Todo este panorama lo vivimos esta mañana, saliendo del hotel prontito, tomando un taxi hacia la estación de autobuses, donde nos esperaba el bus que nos había de llevar a Besisahar, punto de inicio de nuestra ruta al Annapurna.
¡Ojo! Es un Video Coach!! (©Elena Castillo)
Era la primera vez que nos atrevíamos a experimentar con un autobús local. Poco sabíamos que era el inicio de muchas otras odiseas en transportes locales por Asia. Muchas historias habíamos oído de los buses en Asia, siempre más o menos en la misma dirección; gente apretujada por todas partes, buses a reventar, carreteras horrorosas, maletas, bultos, sacos, cajas, animales, todo junto y sí, en este caso, todo revuelto. Pero cualquier cosa que te cuenten para nada puede acercarse a la realidad de experimentar eso en primera persona. Después, con el tiempo, quizá te acostumbres. O no... A los occidentales nos cuesta viajar de esta forma, que nos roben lo que consideramos nuestro espacio, lo que consideramos intocable, inviolable. Huimos del contacto. Allí, esto no es posible.
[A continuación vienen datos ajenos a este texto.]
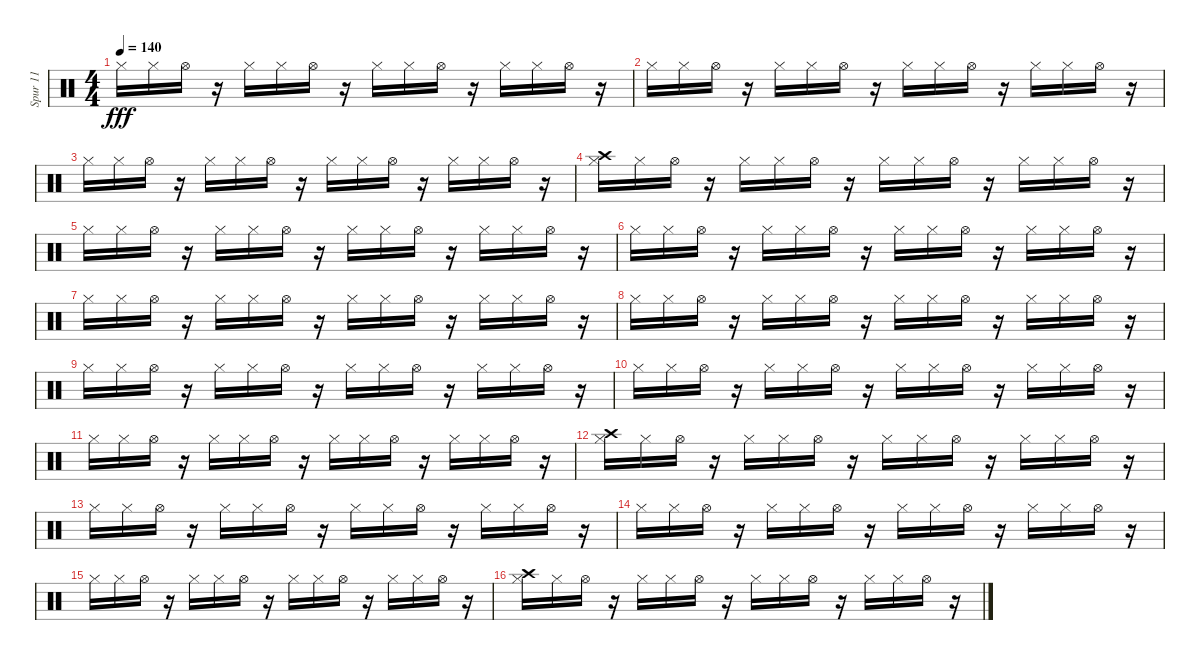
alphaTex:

Ese codo, esa pierna o ese brazo que te toca, que te soba, que más que tocarte, penetra afiladamente tu pecho, tu espalda, o tu cadera, es lo normal. Nadie se queja de ser empujado, codeado o coceado, de que durante horas y horas de viaje te metan delante bolsas, cajas, sacos, gallinas, niños, la abuela, la suegra, todo lo imaginable y también lo inimaginable. Allí la gente vive esto como el pan nuestro, como algo normal, nadie se ofende por ni siquiera pensar que su espacio vital puede ser ultrajado, ya que ese concepto de espacio vital, unipersonal, respetable e intocable por encima de todas las cosas, sencillamente no existe.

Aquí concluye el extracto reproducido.